You Can Approximate Pi by Dropping Needles on the Floor
How a probability puzzle about needles lining up on a floor can help calculate the value of pi
Happy Pi Day March 14 is the date that otherwise rational people celebrate this irrational number because 314 contains the first three digits of pi. And hey pi deserves a day. By definition it’s the ratio of the circumference and diameter of a circle but it shows up in all kinds of places that seem to have nothing to do with circles from music to quantum mechanics.
Pi is an infinitely long decimal number that never repeats. How do we know? Well humans have calculated it to 314 trillion decimal places and didn’t reach the end. At that point I’m inclined to accept it. I mean NASA uses only the first 15 decimal places for navigating spacecraft and that’s more than enough for earthly applications.
The coolest thing for me is that there are many ways to approximate that value. For instance you can do it by oscillating a mass on a spring. But maybe the craziest method of all was proven in 1777 by George Louis Leclerc Comte de Buffon.
Decades earlier Buffon had posed this as a probability question in geometry Imagine you have a floor with parallel lines separated by a distance d.
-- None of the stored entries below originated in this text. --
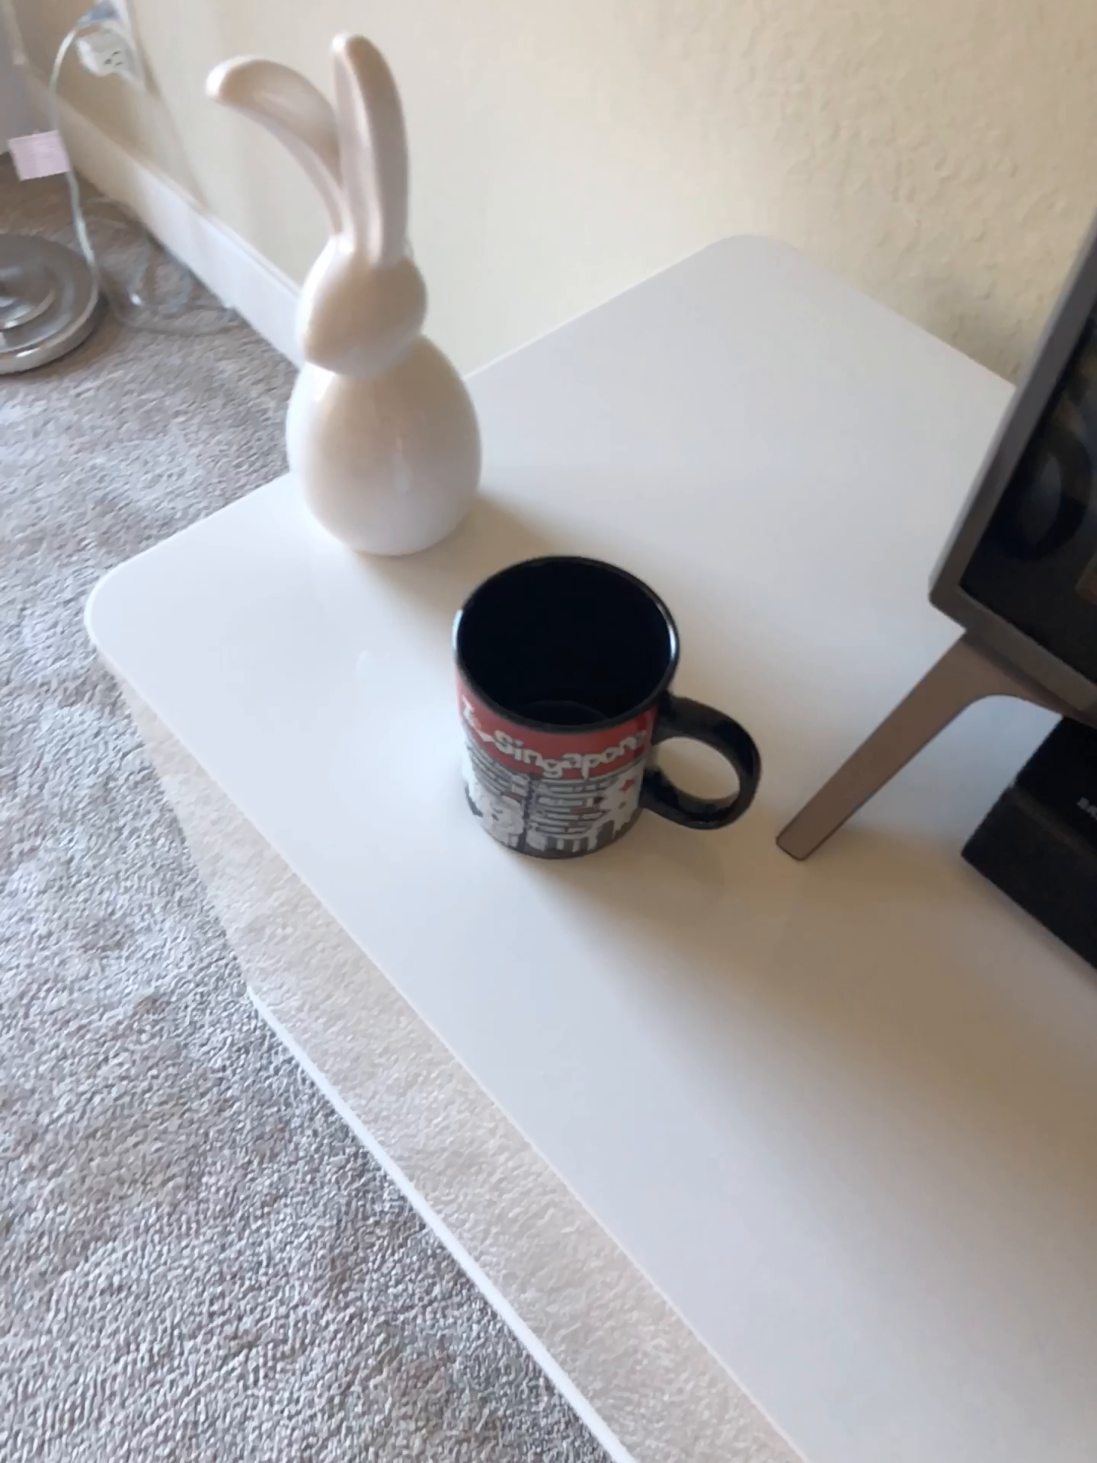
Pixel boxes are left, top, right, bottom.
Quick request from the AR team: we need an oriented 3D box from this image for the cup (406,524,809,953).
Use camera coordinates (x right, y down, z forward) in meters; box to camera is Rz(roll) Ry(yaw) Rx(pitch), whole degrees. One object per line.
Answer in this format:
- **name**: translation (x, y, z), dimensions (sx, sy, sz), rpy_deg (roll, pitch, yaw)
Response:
- **cup**: translation (0.019, 0.005, 0.470), dimensions (0.120, 0.110, 0.080), rpy_deg (23, 57, 13)
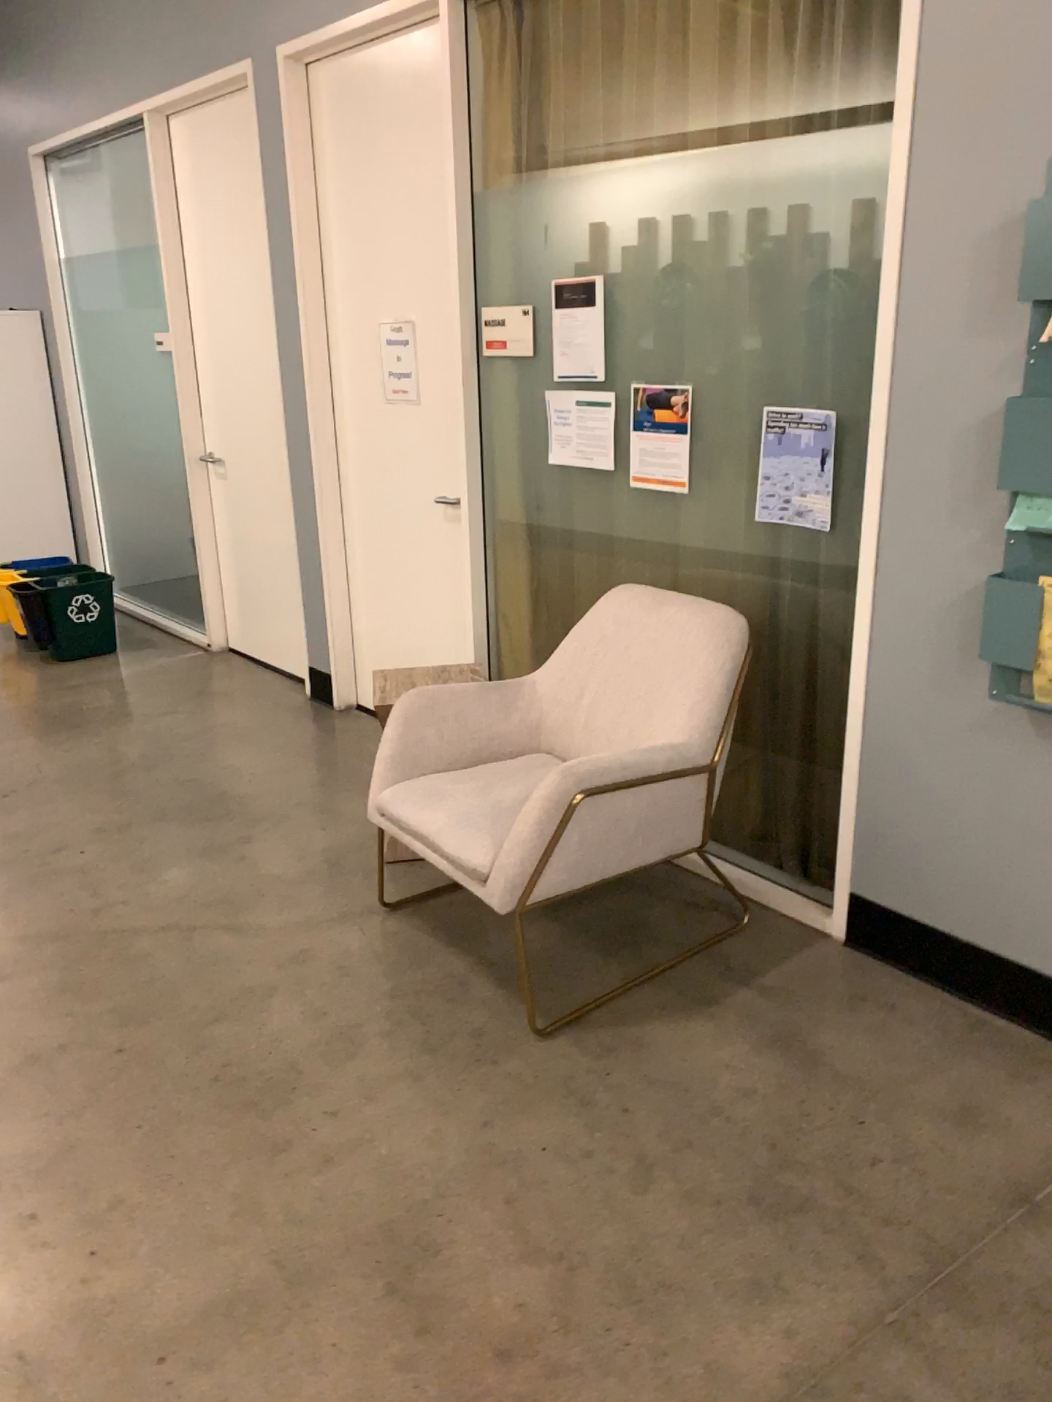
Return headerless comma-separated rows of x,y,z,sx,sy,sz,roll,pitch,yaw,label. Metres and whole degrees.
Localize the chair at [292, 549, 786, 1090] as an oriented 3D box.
0.033,0.195,2.677,0.871,0.926,0.783,-16,23,-36,chair

Onto this floor you drop a bunch of needles with length L. What is the probability that a needle will cross one of the parallel lines?
A picture will help you understand what’s happening. Let’s say I drop just two needles on the floor (feel free to replace the needles with something safer like toothpicks). Also just to make things easier later we can say that the needle length and line spacing are equal (d = L).
You can see that one of the needles crosses a line and the other doesn’t. OK but what are the chances? This is not the most trivial problem but let’s think about just one dropped needle. We only care about two values—the distance (x) from the farther end of the needle to a line and the angle of the needle (θ) with respect to a perpendicular. If x is less than half the spacing between lines we get a needle-crossing. As you can see you’d get a higher probability with a smaller x or a smaller θ.